The Sharon government has proven its intent to use the Bush administration’s war against terrorism to implement the maximum colonization of sovereign Arab territory, and the Bush administration has proven itself impotent against such flagrant exploitation. Drunk with naïveté, Bush is laying the groundwork for Eretz Israel. Drunk with power, Sharon is paving the path for the Zionist expansion his party ideology requires. Sounds far-fetched? Keep in mind the following: over 145 new settlements–”confiscating 70,000 acres of land–”have been built since the beginning of the so-called peace process; for the first time in history, a physical structure is being built to divide the Holy Land; and the Israeli Occupation Army is responsible for the deaths of 2,405 Palestinians since September 2000.

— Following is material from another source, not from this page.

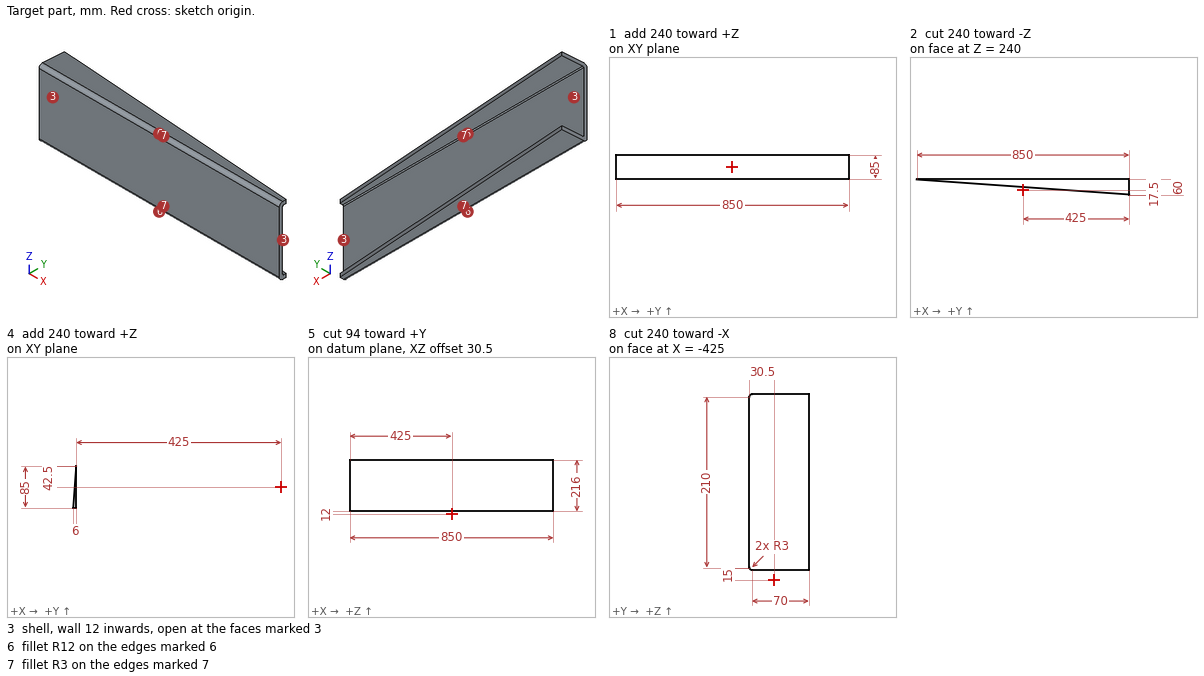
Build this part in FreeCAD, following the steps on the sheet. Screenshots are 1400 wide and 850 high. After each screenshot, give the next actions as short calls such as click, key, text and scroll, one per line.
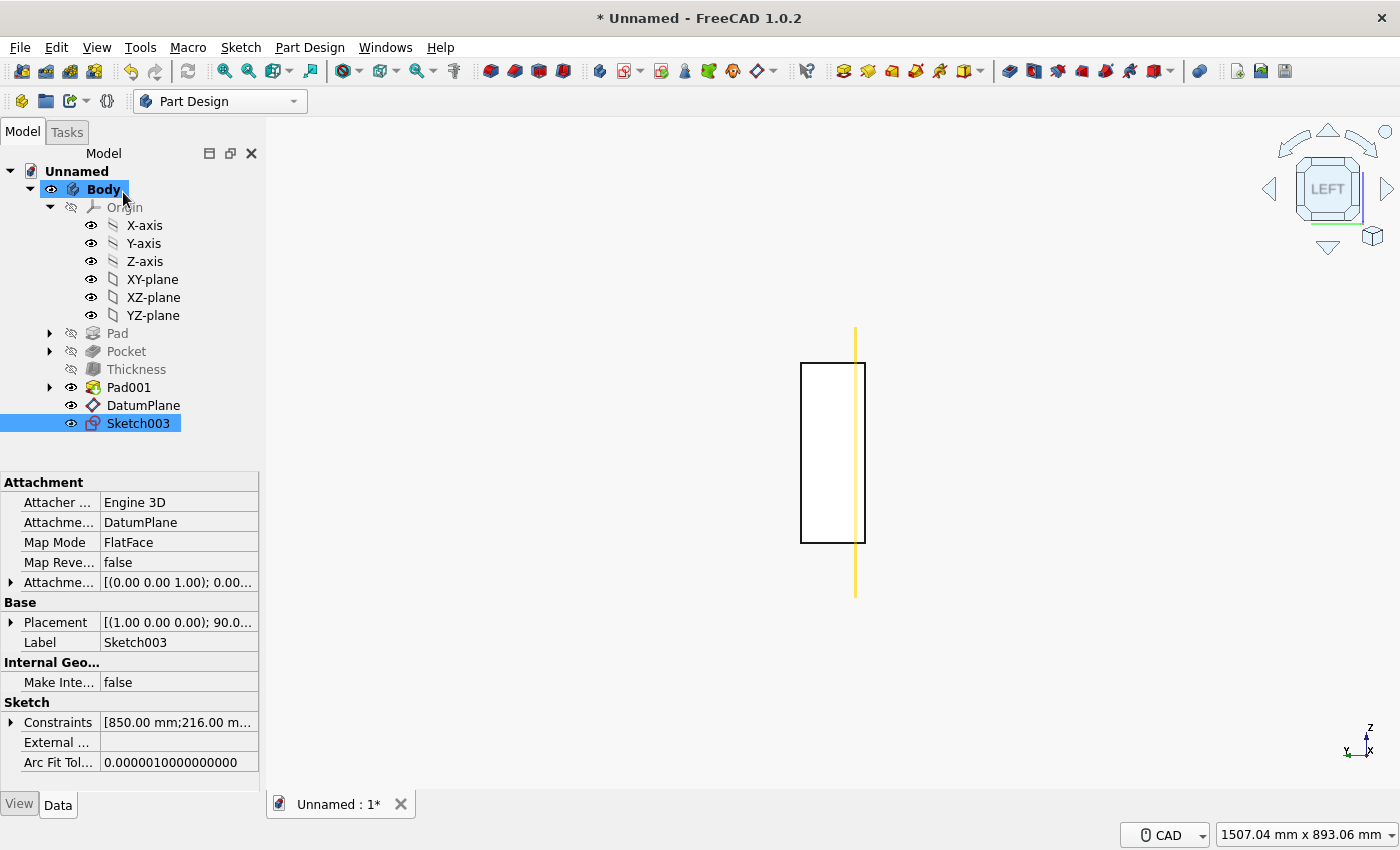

Before concluding that Zionist expansion is inevitable, one must remember that the United States and Israel are but two players in a larger world. Syrian and Arab leaders have opted for the diplomatic route by taking their case to the United Nations, and the global polity has largely agreed that Israel is acting not in self-defense, but in aggression. Increasingly, the most effective solution to the Bush-Sharon plan to redraw the political map of the Middle East is for leading global powers like the European Union, Russia, China, and Japan to demand their place at the negotiating tables and speak up for majority opinion; rather than continue the current policy of benign neglect.